# Brain Teasers | Tiger and Sheep

**Question:**

One hundred tigers and one sheep arc are put on a magic island that only has grass. Tigers can eat grass, but they would rather eat sheep.

**Assume:**

A. Each time only one tiger can eat one sheep, and that tiger itself will become a sheep after it cats the sheep.

B. All tigers are smart and perfectly rational and they want to survive. So will the sheep be eaten?

*Solution:*

Let no of tigers = n

Let’s start with 1 tiger(n=1).

Since there is only one tiger it will definitely eat the sheep as there will be no more tigers to eat him once he becomes a sheep.

With n=2 tigers,

If any of the tigers eat the sheep, it will become a sheep itself so the other tiger who is left will definitely eat him.
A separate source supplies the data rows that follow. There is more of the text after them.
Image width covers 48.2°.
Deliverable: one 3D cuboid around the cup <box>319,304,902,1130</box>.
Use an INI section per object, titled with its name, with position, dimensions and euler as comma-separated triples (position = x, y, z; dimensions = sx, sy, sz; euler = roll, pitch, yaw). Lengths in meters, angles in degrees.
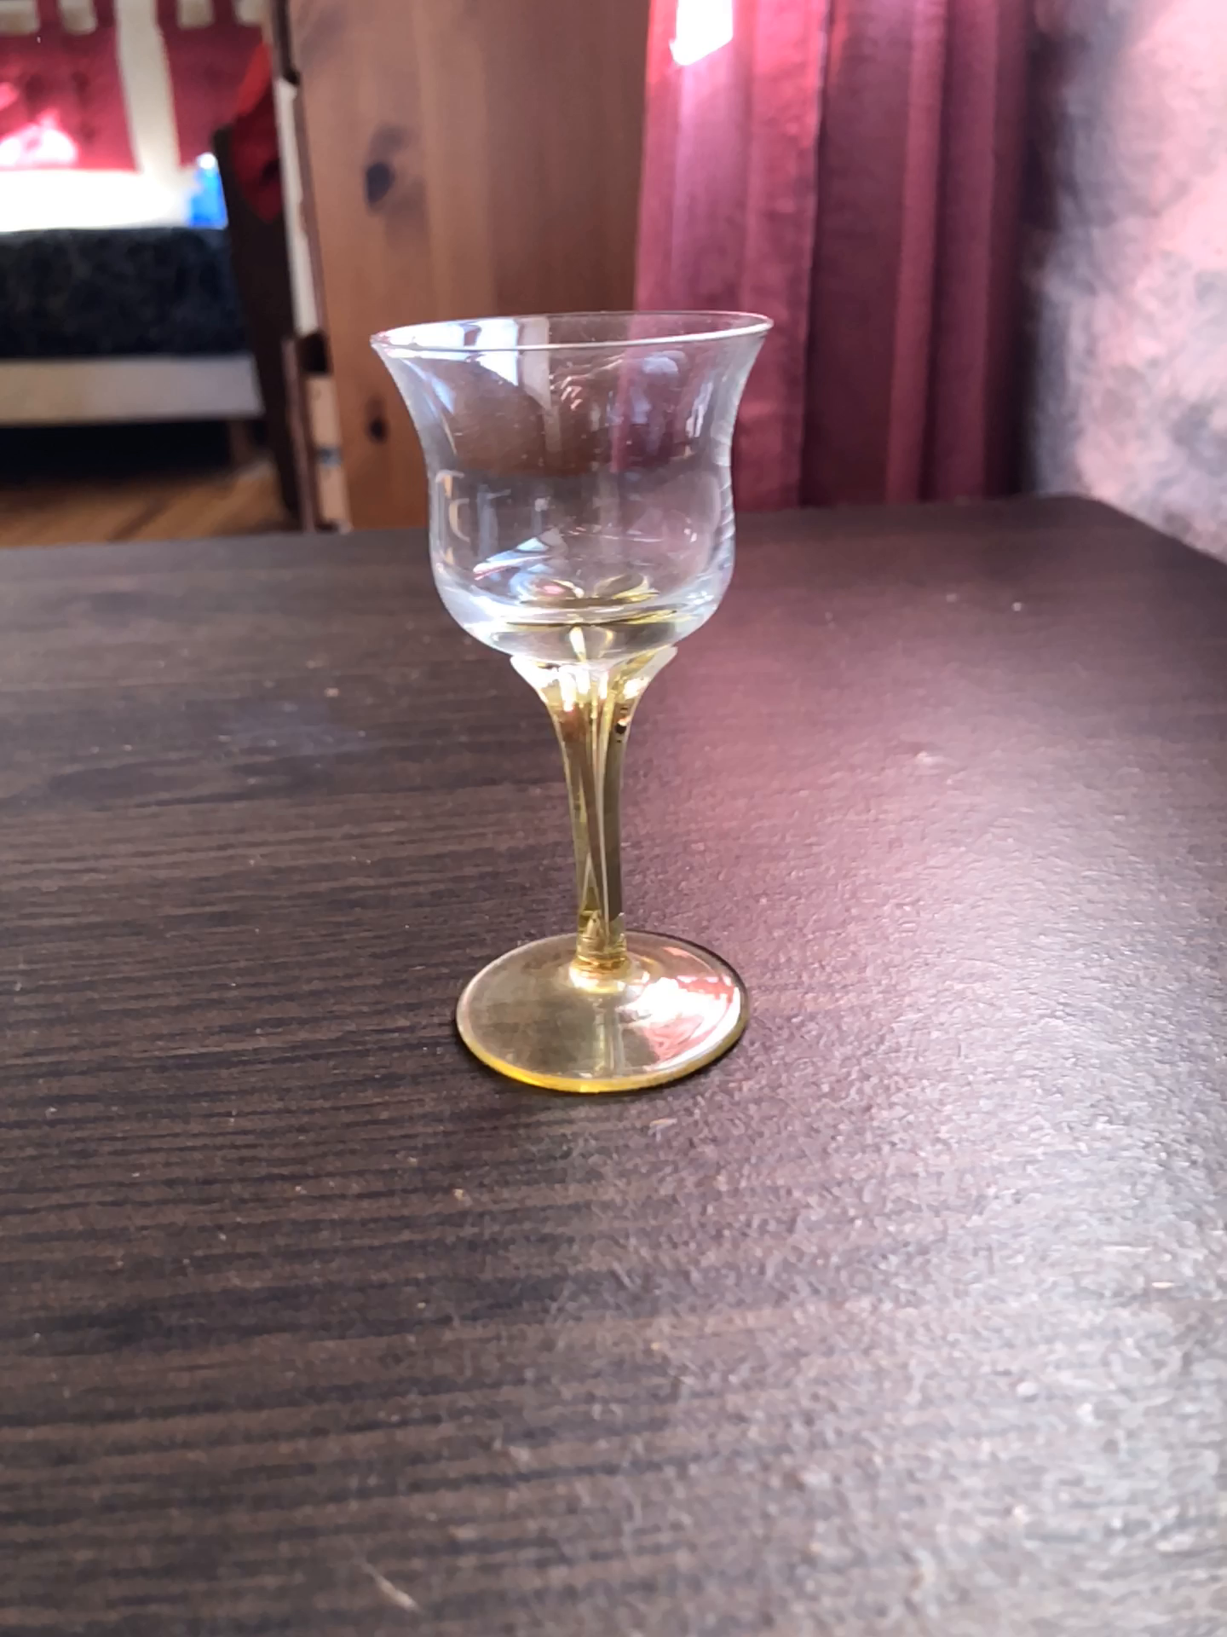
[cup]
position = -0.001, -0.016, 0.178
dimensions = 0.058, 0.093, 0.051
euler = -2, 22, -4
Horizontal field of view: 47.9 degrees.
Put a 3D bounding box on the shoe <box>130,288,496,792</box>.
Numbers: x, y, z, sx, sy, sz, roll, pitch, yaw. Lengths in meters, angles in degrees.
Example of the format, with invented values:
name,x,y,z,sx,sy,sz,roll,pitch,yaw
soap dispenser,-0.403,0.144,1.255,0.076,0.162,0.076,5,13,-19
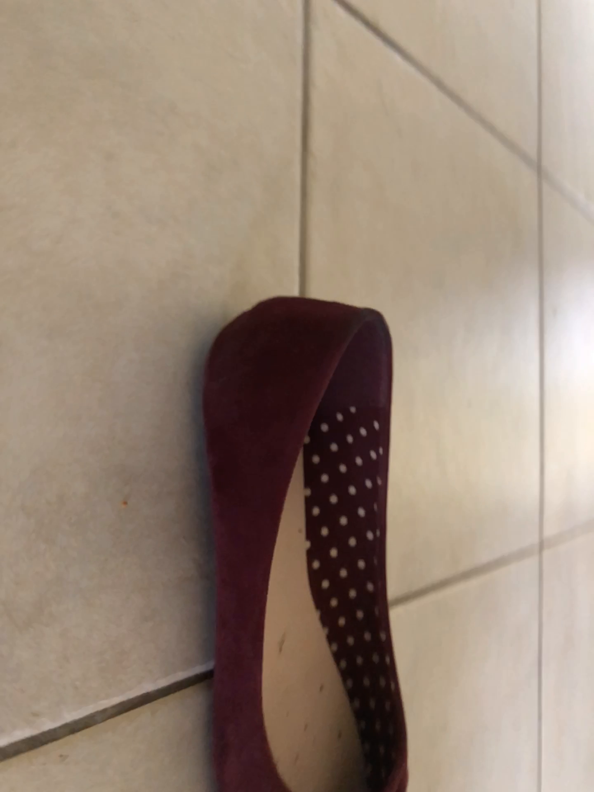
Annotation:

So none of the tigers will eat the sheep.

With n=3 tigers,

The sheep will be eaten since each tiger realizes that once it becomes a sheep there will be two tigers left and none of the two tigers will eat the sheep. So the first tiger to realize this will eat the sheep.

With n=4 tigers,

Each tiger realizes that once it becomes a sheep it will be eaten as three tigers will be left. So none of the tigers will eat the sheep.

**In general:**

When n = odd, the sheep will be eaten

When n = even, the sheep will not be eaten.

For the given question where n= 100, the sheep will not be eaten.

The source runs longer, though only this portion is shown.